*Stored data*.
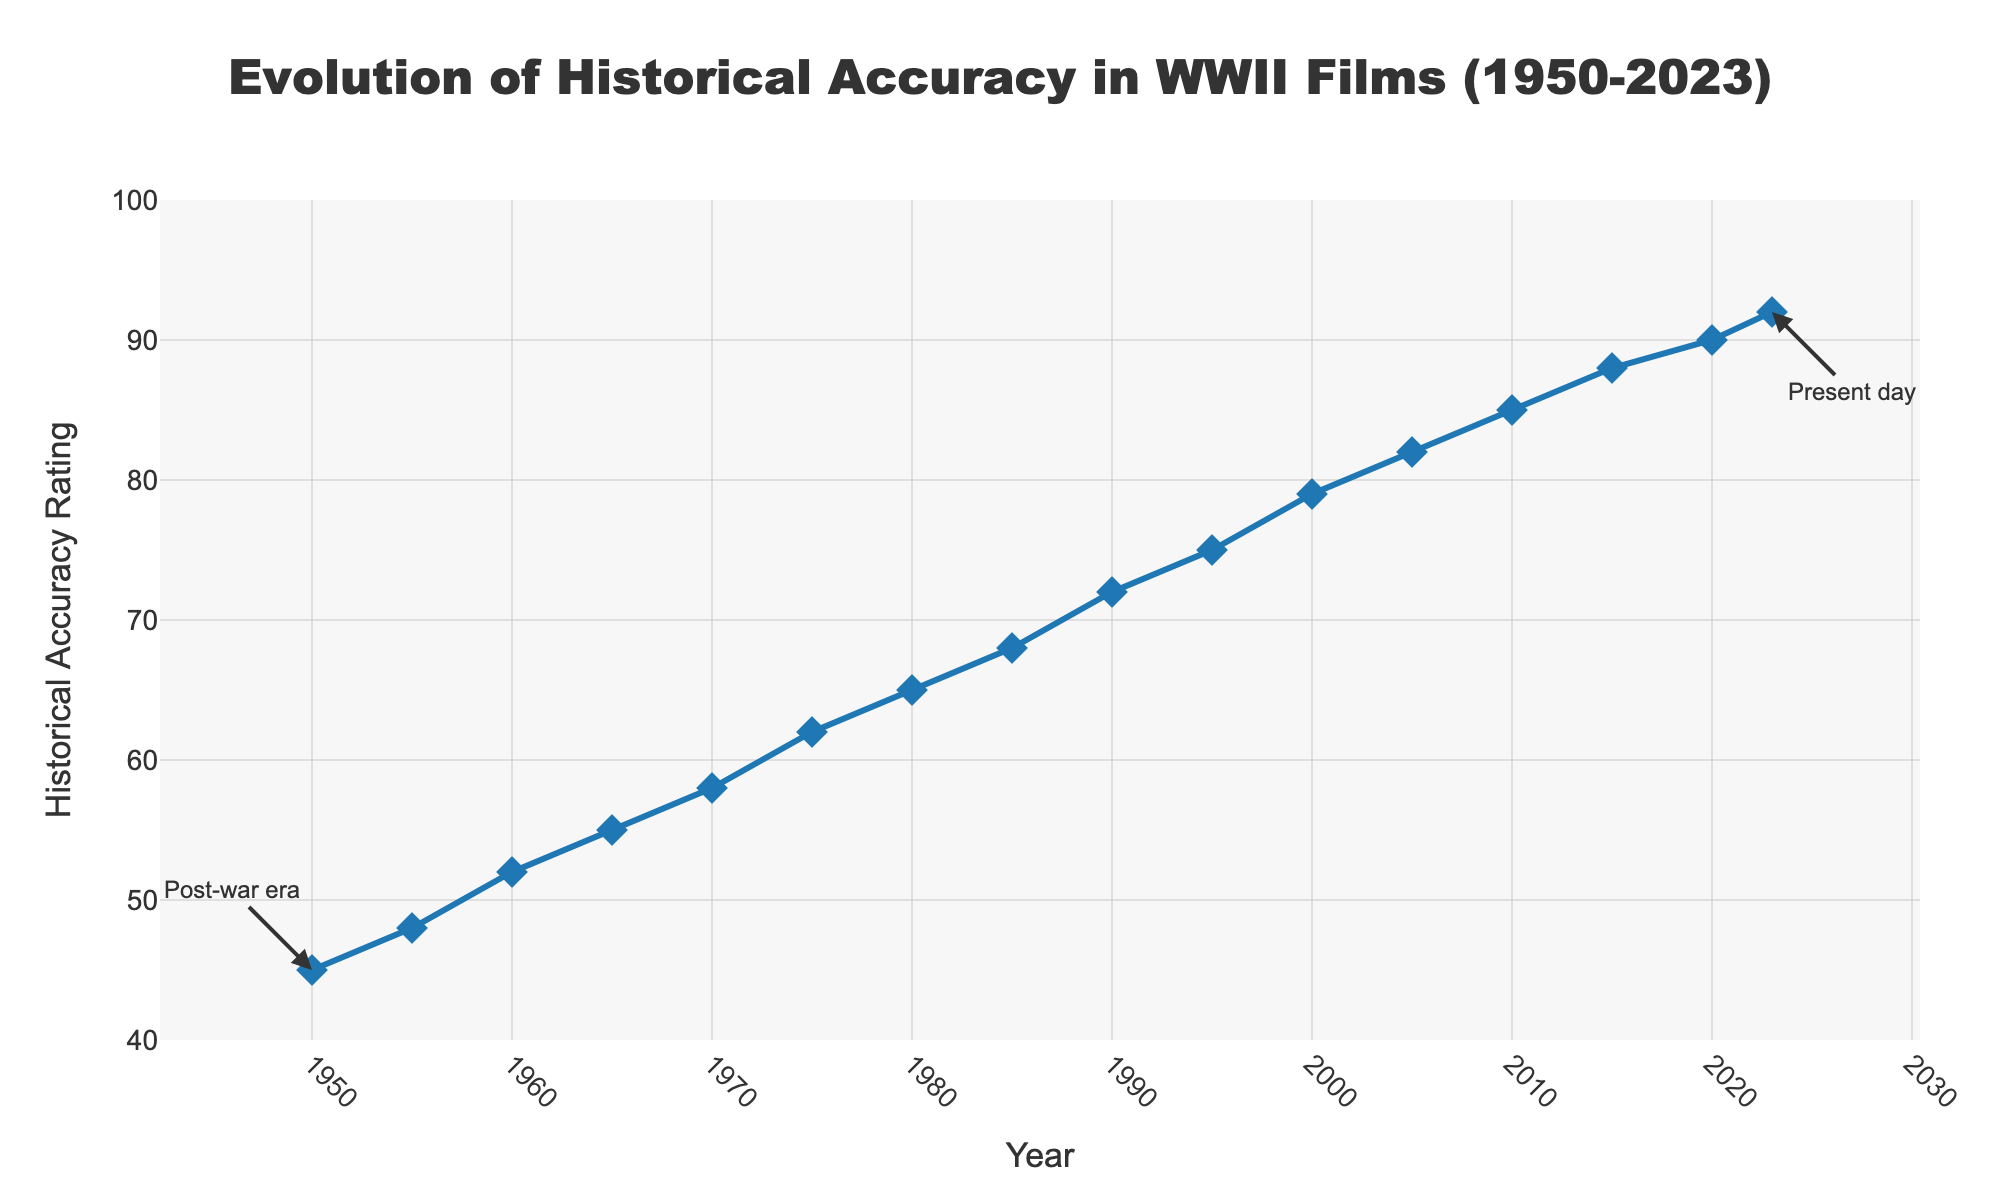What is the historical accuracy rating of WWII films in the year 1970? Locate the year 1970 on the x-axis and observe the corresponding value on the y-axis. The historical accuracy rating is 58.
Answer: 58 How much did the historical accuracy rating increase between 1950 and 2000? Subtract the historical accuracy rating in 1950 (45) from the rating in 2000 (79): 79 - 45
Answer: 34 Which decade saw the highest increase in the historical accuracy rating, and what was the increase? Calculate the rating increases for each decade. For example, from 1950 to 1960: 52 - 45 = 7, from 1960 to 1970: 58 - 52 = 6, etc. The decade with the highest increase is 1990 to 2000: 79 - 72 = 7.
Answer: 1990s, 7 By how much did the historical accuracy rating change between 1980 and 1990, and was it an increase or decrease? Find the ratings for 1980 (65) and 1990 (72). Calculate the difference: 72 - 65 = 7. The rating increased.
Answer: Increase by 7 What is the average historical accuracy rating in the 21st century so far (2000-2023)? Sum the ratings from 2000 (79), 2005 (82), 2010 (85), 2015 (88), 2020 (90), and 2023 (92). Then divide by the number of data points (6): (79 + 82 + 85 + 88 + 90 + 92) / 6
Answer: 86 Compare the historical accuracy of WWII films in 1955 and 2005. Which year had a higher rating? Compare the ratings of 1955 (48) and 2005 (82). The year 2005 had a higher rating.
Answer: 2005 When did the historical accuracy rating first surpass 80? Find the first year where the rating exceeded 80. The rating surpassed 80 in 2005.
Answer: 2005 How did the historical accuracy rating trend from 1985 to 2000? Observe the values from 1985 (68) to 2000 (79). The rating consistently increased over this period.
Answer: Increased What are the color and symbol used for the data points in the plot? The data points are marked with blue diamond symbols.
Answer: Blue diamond What annotation is associated with the year 1950 on the plot? The annotation for 1950 on the plot highlights the "Post-war era."
Answer: Post-war era

*ACTION ITEM*.
Starting with the line that holds "Answer: 1990s, 7" and ending with the line that holds "Answer: 2005 How", retype every line in the data above exactly, and nothing else.

*TASK RESPONSE*.
Answer: 1990s, 7 By how much did the historical accuracy rating change between 1980 and 1990, and was it an increase or decrease? Find the ratings for 1980 (65) and 1990 (72). Calculate the difference: 72 - 65 = 7. The rating increased.
Answer: Increase by 7 What is the average historical accuracy rating in the 21st century so far (2000-2023)? Sum the ratings from 2000 (79), 2005 (82), 2010 (85), 2015 (88), 2020 (90), and 2023 (92). Then divide by the number of data points (6): (79 + 82 + 85 + 88 + 90 + 92) / 6
Answer: 86 Compare the historical accuracy of WWII films in 1955 and 2005. Which year had a higher rating? Compare the ratings of 1955 (48) and 2005 (82). The year 2005 had a higher rating.
Answer: 2005 When did the historical accuracy rating first surpass 80? Find the first year where the rating exceeded 80. The rating surpassed 80 in 2005.
Answer: 2005 How did the historical accuracy rating trend from 1985 to 2000? Observe the values from 1985 (68) to 2000 (79). The rating consistently increased over this period.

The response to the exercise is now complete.